De que vale ter direito a dois intervalos de 30 minutos para amamentação se muitas mães trabalham longe de suas casas e levam bem mais que 30 minutos no trajeto ida-volta? A conta não fecha. Como esperar que uma mãe possa promover uma introdução alimentar, sem sal e sem açúcar, e com variabilidade nutricional, se determinados alimentos, indicados por pediatras e nutricionistas, estão cada mais inacessíveis? A conta não fecha.
Como esperar que uma mãe seja amorosa quando ela está completamente exausta e com privação de sono? A conta não fecha. Essa lista é longa, a conta não fecha em várias situações.

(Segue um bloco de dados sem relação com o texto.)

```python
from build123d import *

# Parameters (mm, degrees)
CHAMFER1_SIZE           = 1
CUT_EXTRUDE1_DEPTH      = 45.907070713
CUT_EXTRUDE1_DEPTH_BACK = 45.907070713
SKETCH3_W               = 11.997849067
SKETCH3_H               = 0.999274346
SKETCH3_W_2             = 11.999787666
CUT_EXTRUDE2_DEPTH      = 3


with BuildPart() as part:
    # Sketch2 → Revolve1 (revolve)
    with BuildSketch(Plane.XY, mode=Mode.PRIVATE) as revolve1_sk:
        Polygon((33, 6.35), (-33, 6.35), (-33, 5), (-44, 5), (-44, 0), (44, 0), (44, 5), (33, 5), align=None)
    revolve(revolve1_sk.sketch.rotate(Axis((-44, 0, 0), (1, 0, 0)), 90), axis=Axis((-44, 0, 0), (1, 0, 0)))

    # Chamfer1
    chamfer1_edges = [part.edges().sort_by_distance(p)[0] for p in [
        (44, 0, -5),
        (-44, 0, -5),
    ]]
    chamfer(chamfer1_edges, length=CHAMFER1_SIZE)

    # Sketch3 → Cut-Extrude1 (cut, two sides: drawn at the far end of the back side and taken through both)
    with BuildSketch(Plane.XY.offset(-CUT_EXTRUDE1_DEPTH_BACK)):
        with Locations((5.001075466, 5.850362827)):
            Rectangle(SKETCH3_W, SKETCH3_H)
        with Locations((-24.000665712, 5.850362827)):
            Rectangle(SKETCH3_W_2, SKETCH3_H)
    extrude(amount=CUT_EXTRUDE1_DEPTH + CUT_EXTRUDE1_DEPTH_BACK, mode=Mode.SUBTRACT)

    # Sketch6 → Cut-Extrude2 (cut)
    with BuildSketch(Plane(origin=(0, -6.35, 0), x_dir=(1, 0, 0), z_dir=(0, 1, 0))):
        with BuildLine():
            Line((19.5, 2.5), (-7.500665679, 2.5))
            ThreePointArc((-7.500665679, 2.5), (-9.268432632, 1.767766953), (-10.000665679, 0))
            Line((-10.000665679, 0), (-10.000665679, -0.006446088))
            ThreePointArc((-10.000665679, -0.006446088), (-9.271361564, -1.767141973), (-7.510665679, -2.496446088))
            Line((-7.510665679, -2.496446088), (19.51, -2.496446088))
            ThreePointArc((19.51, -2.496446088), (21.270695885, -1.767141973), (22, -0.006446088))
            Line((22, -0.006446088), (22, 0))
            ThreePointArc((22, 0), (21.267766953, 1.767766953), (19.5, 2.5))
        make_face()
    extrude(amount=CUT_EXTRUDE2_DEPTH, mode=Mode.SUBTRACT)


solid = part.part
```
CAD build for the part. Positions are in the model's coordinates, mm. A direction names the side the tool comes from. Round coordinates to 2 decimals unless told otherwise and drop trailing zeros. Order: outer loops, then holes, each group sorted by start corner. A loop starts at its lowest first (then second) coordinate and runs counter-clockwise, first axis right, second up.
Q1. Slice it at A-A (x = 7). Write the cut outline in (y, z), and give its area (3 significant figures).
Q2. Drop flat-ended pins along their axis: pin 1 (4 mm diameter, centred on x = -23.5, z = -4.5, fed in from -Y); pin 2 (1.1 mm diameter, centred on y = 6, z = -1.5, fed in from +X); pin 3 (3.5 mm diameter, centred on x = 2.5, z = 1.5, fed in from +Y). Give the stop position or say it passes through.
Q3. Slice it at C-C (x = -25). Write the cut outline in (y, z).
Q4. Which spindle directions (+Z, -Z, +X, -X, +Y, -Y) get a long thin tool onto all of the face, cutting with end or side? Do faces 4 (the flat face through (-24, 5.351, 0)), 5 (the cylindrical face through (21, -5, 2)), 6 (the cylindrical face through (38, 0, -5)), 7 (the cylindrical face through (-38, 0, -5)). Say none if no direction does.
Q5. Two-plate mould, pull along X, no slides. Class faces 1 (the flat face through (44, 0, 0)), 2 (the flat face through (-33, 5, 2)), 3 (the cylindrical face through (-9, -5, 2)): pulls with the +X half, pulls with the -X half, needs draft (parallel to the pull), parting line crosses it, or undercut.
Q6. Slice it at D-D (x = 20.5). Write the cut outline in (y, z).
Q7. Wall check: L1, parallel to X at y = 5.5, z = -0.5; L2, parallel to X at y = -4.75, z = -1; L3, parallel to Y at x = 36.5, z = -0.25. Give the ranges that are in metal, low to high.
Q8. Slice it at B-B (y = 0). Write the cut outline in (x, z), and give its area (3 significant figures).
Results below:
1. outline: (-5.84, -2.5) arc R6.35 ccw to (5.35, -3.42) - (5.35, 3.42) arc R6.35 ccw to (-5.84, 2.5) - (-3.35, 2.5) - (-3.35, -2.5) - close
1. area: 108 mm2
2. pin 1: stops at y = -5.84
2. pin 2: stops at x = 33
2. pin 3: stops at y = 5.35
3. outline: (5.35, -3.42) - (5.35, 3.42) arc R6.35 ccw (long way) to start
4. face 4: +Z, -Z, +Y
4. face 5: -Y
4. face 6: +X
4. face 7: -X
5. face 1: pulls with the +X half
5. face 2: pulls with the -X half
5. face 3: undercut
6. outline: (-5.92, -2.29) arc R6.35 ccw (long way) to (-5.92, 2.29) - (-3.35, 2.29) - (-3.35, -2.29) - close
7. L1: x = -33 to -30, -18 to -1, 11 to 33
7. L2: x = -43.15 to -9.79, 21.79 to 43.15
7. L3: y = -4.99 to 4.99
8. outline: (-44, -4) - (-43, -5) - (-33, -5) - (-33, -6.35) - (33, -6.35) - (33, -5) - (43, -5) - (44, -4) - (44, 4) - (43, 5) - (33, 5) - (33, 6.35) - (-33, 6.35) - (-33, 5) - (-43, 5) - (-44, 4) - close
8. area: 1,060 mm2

Então, nesse Dia das Mães, acredito que a melhor forma de celebrar o maternar seja, justamente, lembrando que não existem fórmulas prontas, fugindo das idealizações sobre “mãe é isso” ou “mãe é aquilo”, tão comuns no dia de hoje. A maternidade é um caminho magnífico, repleto de ternura, mas também envolto por curvas sinuosas, muitas das quais são impostas pelo contexto macrossocial. Neste Dia das Mães, espero que seja possível renegar a maternidade como um conceito único e universal: há muitas formas de maternar.